12) Natural dialog - It's extremely common for dialogs to be in form of an interrogation regardless who you're talking to or what your relationship to them is, existing only as short questions that the other person oddly willingly answers in great detail. Should one or both types of dialog be tagged? Natural form of dialog is rarer because it often "punishes" players for exploring the choices they have in them without heed to how the other reacts to the overall conversation.
... no examples for this, can't remember any with natural-ish dialogs. Kingdoms of Amalur may have them, though I didn't play the demo very far beyond the tutorial to confirm this. Some instances of sentence based dialog may qualify, though it may be just longer version of keyword dialog and therefore not synonymous with natural dialog.
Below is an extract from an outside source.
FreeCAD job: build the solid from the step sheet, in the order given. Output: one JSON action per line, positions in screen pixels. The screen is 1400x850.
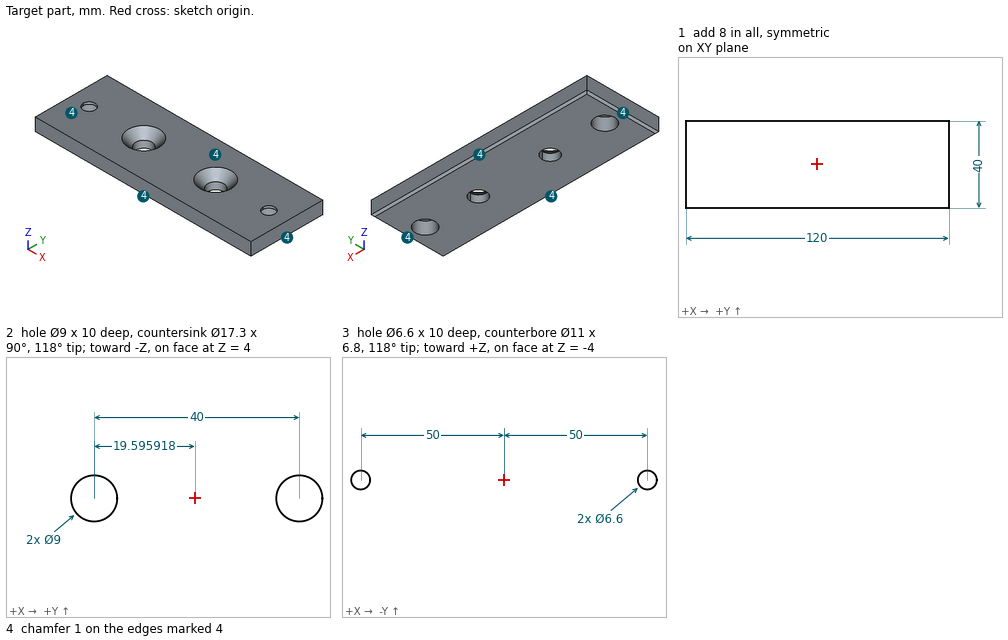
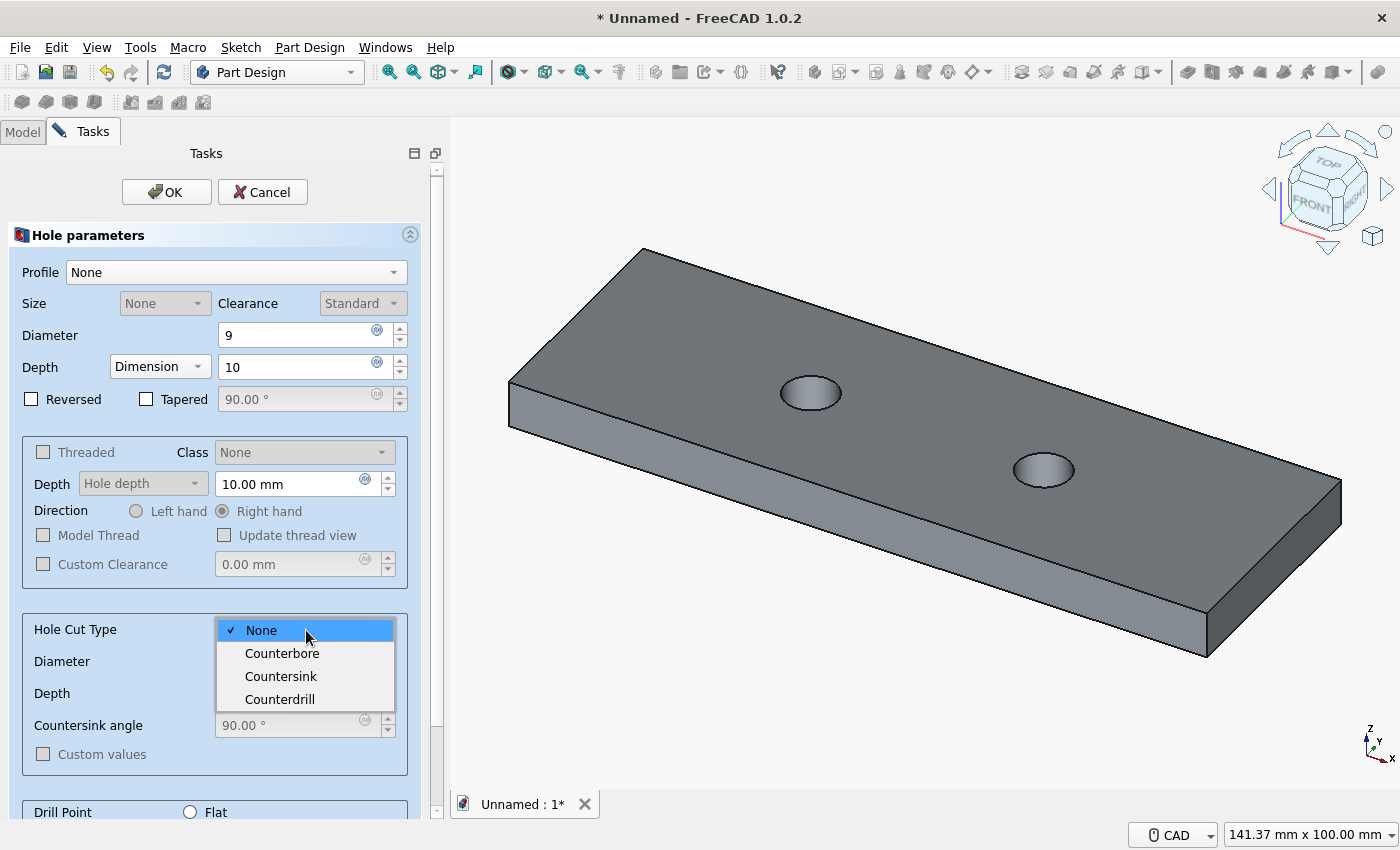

13) Windows and similar used as entrances. It's extremely common that the player is limited to pre-designated routes for access, such as single door, window, an opening in partially destroyed building, etc. With anything else either indestructible or unopenable even when it doesn't make the slightest sense. Windows in older games were commonly only textures on the building walls, doors being paintings of doors on the walls, and so forth. They could not be used no matter what. There's however few games where these are all treated more or less realistically. Some games only go half-way and only preset cases offer the variety of choice.
... examples: Project Zomboid was recently updated to offer greater variety of choice which reminded me of this, X-Com strategy games environmental/level destructibility at such a level you could create doorways where you wanted, destructible world implies this, non-linear level design implies this as well but is not reliable indicator of it.
.. all this requires is that the potential routes are more than just wall textures (opening or smashing a window shouldn't be that difficult, especially from inside). However, it should be noted that this is not simply about windows being used as entrances, but rather used as entrances besides everything else. So if a building has only an entrance via a window, it's not really part of this since that's the only route.
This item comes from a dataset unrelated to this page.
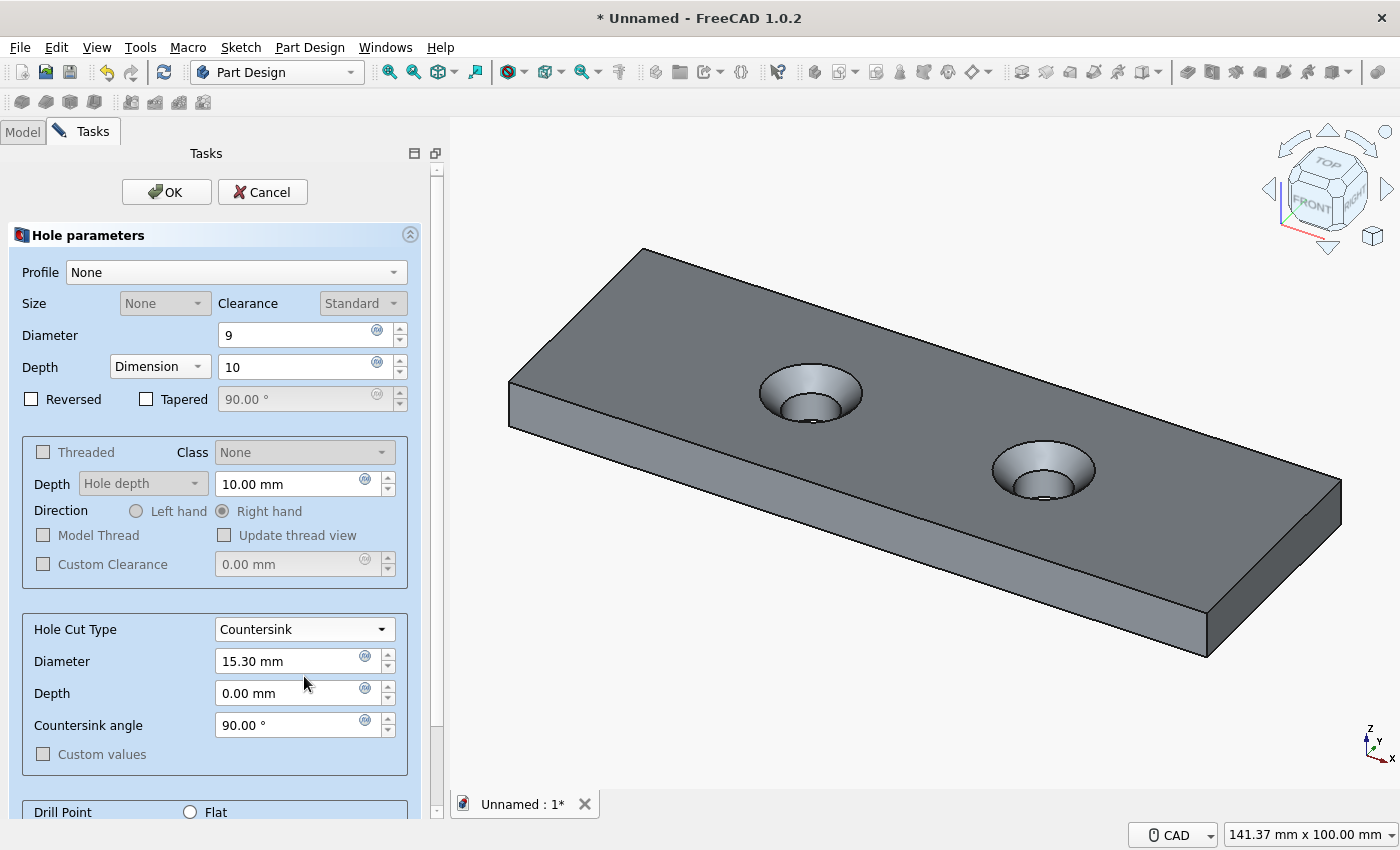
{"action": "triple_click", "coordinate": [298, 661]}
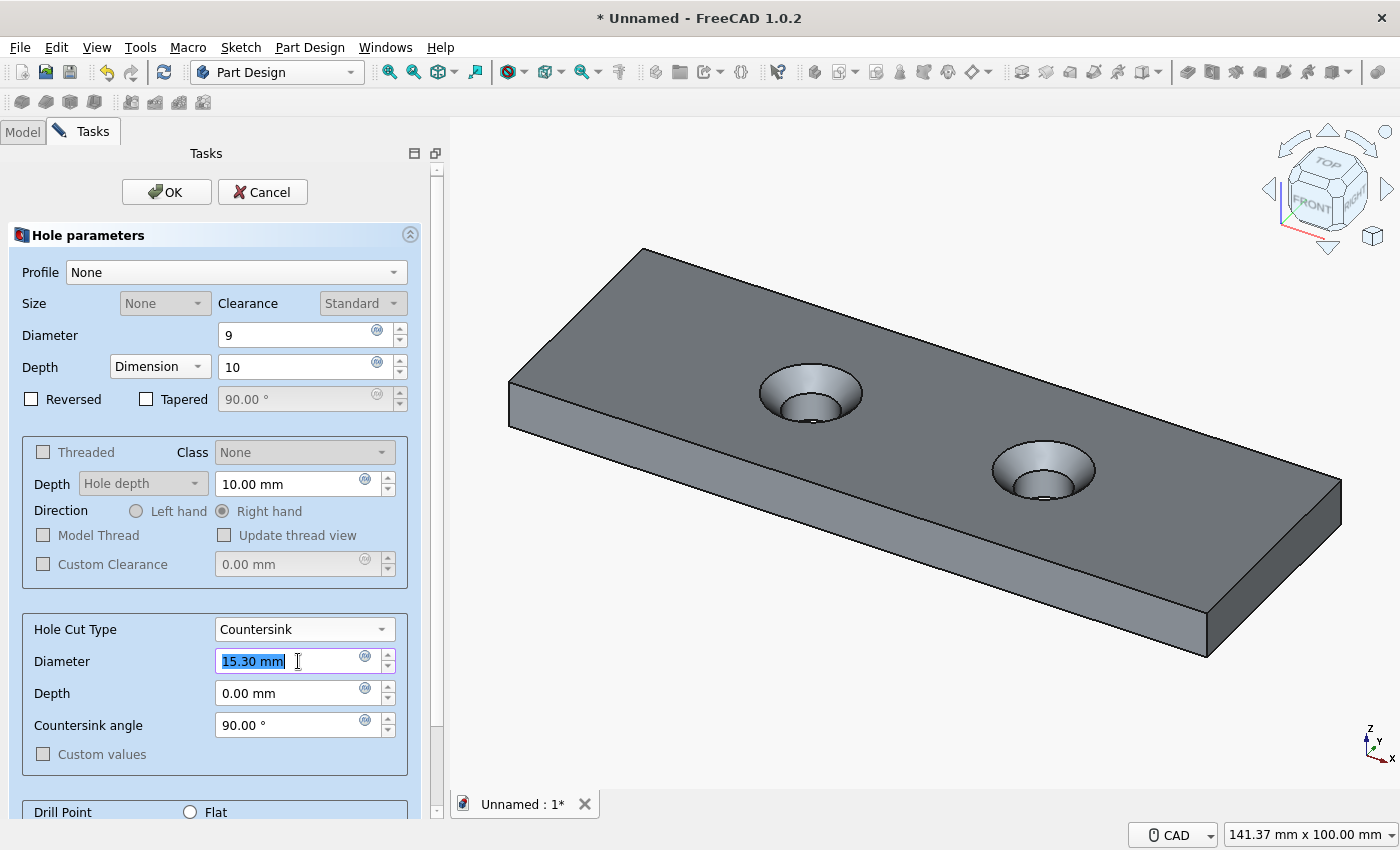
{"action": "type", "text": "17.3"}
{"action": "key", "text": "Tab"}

14) Search within something. In some games player is required to either just hold use key near searchable objects until search is finished or somehow contribute to the search via almost QTE like activity. The most obvious kind is where the player must manually search through piles of objects, but that is probably not in any games yet though Amnesia and other games by Frictional come close.
... examples: I Shall Remain, Dead Block (interactive kind), some modern stealth games probably have this, as well as some tactical shooters might have this, etc.

15) Loading screens or similar include status on loading of something in-mythos or something completely made up. In the former case it's a point towards immersion, in the latter it is humor. Vehicle boot/warm-up sequence, humorous way to say what is being loaded (e.g. "rousing goblins" instead of "loading npcs"), or completely made up immersion related stuff.
... examples: SPAZ (has mostly humorous things in it related to the game), pretty sure there was at least one game where the loading was disguised as mech booting sequence (Steel Battalion, maybe?)
= loading nonsense, immersive load

16) Diverging upgrade paths - ability, structure, etc. upgrades that prevent certain other upgrades from being taken, or simply advance that something in "rank" manner towards specific goal. For example, a basic cannon could be upgraded to multibarrel autocannon or large bore supercannon. A basic flame spell could be upgraded to fireball or gout of fire ("burning hands" in d&d terms). This sometimes makes sense and othertimes not.
... examples: many tower defense games allow diverging tower upgrades, certain RPGs use this as a form of specialization via abilities rather than sub-classing (say 8 basic spells per class which each have 2 or more specialized forms; skill trees where selecting one branch locks out the others).

I'll leave this short this time since the longer (30+) idea threads tend to get confusing.
Edit: Apparently I'm adding more as I can think of them. Still better than adding new threads that seem to be ignored by others, so I'll go with this for now.